Some people of average weight are always practicing chronic restrained eating, experts say. Others try CRE for a short period of time, become frustrated because it's so much work, and give up.
Still others may be restrained eaters most of the time but have gained five to 20 pounds because they've let their guard down occasionally, falling prey to sweets and other high-fat treats. They have indulged themselves too much, too many times, or been lax about doing physical activity.
CRE has its downside: The chronic restrained eater can go overboard, becoming an extreme restrained eater who is obsessed with an unrealistic body weight, Blackburn says.
The trick to being a happy restrained eater is to limit what you eat without completely depriving yourself. If you cut back so far on the foods you love that you no longer enjoy food, you'll end up feeling hungry, unsatisfied, unhappy, he says.
Restrained eating also can backfire with children and teenagers — and actually predispose them to becoming overweight, says William Dietz, director of the division of nutrition and physical activity for the Centers for Disease Control and Prevention in Atlanta.
One new study from Harvard Medical School shows that normal-weight girls who diet are more likely to become overweight than those who don't diet. One possible explanation: The frequent teen dieters may be overeating or binge eating during the times when they're not watching what they eat.
Experts say some people have to struggle more to control their weight than others.
There is a small segment of society whose members don't have to worry about their weight at all because they seem "genetically protected" from gaining too much, Hill says. And there is a small group of people who are going to be obese no matter what they do.

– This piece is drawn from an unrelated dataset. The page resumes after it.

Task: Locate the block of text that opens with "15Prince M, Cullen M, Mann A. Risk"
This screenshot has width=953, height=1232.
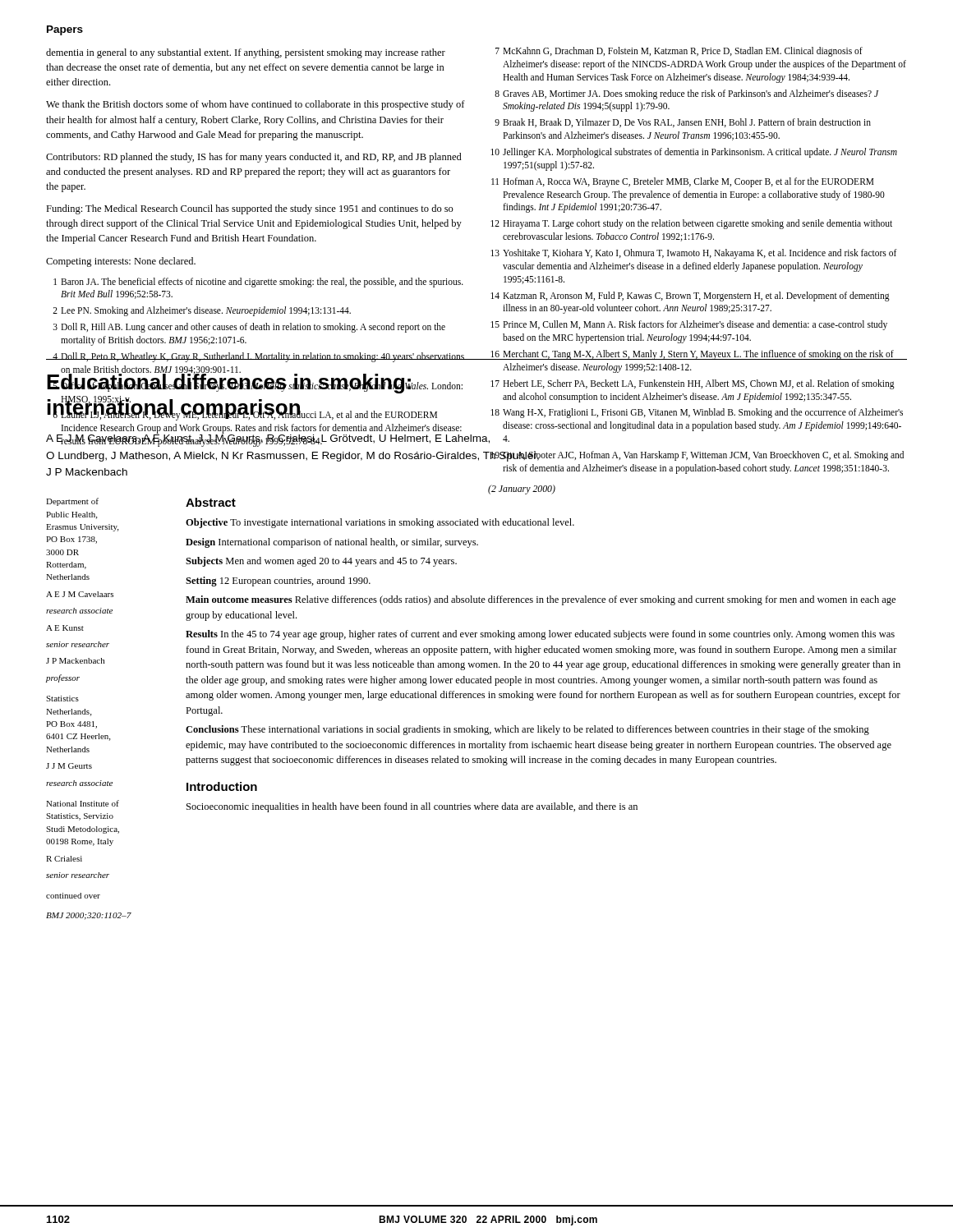Action: [698, 332]

But the vast majority fall somewhere in between. Whether they can maintain a healthy body weight depends, in large part, on how much effort they are willing to put into it. Genes and physiology play a role in how easy or difficult that is going to be, Hill says.
Genes don't dictate weight but help set the upper and lower weight limits, experts say. Genes affect how the body is going to relate to the environment.
For instance, a 5-foot-10 man may have a genetic predisposition to obesity that will put him in a range of 190 to 230 pounds, Wadden says. He'll be bigger than most guys his height. But if he eats a low-fat diet and gets plenty of exercise, he'll probably settle at 190 to 200 pounds, Wadden says.
On the other hand, if he spends most weekends on the couch, watching football and chowing down, he'll settle at 220 to 230 pounds.
Eating and exercise habits make a difference even if someone has a genetic predisposition to obesity, Wadden says. Studies have shown that some people gain weight more easily than others. When people in one study were overfed by 1,000 calories a day, there were remarkable differences in weight gain. Some gained as little as nine pounds in 12 weeks, and others gained as much as 29 pounds. "That looks like it's due to genetic differences," he says.
A constant vigilance
Most people have to pay attention to changes in the scales, waist size, belt size and skirt size. When they see that they're climbing up, they need to "put the brakes on" when it comes to eating, Blackburn says.
They must use common sense and have a strategy every day for controlling their eating and working exercise into their lives. That's where CRE comes in.
When they go out into the world, they must realize that the portion sizes are huge, and plan accordingly. Bagels, muffins and sandwiches are big and getting bigger. "It used to be that one restaurant dinner would feed two people," Blackburn says, "but now one dinner will feed four."
Before going to a buffet, he says, ask yourself: "Am I going to wallow in it, or am I going to prepare myself and imagine what I'm going to eat when I'm there?"
Many people also need to do about 60 minutes of physical activity a day to control their weight, he says. One way to do that: Buy a pedometer and try to take 10,000 steps a day, which is equivalent to walking about five miles.
People know what they should do, but they aren't doing it, Blackburn says. "We're all talking the talk, but not walking the walk."
Grigg, a professor of civil engineering at Colorado State University, is one who is walking the walk. He watches everything he eats, limits his calories to 2,100 a day, jots down the calories of foods he has eaten in his day planner, and walks at least three miles a day. He has learned how many calories he burns in a day through his own experience and by visiting a scientific laboratory that was able to help him figure it out.
Keeping track of calories
Writing down calories keeps him honest and makes him think twice about wolfing down food. When he is less vigilant, he finds his weight starts creeping up.
Grigg doesn't completely deprive himself. If he wants an ice cream cone, he has a small one and counts it in his calorie total for the day. He eats only his favorite kinds and doesn't settle for less than the best.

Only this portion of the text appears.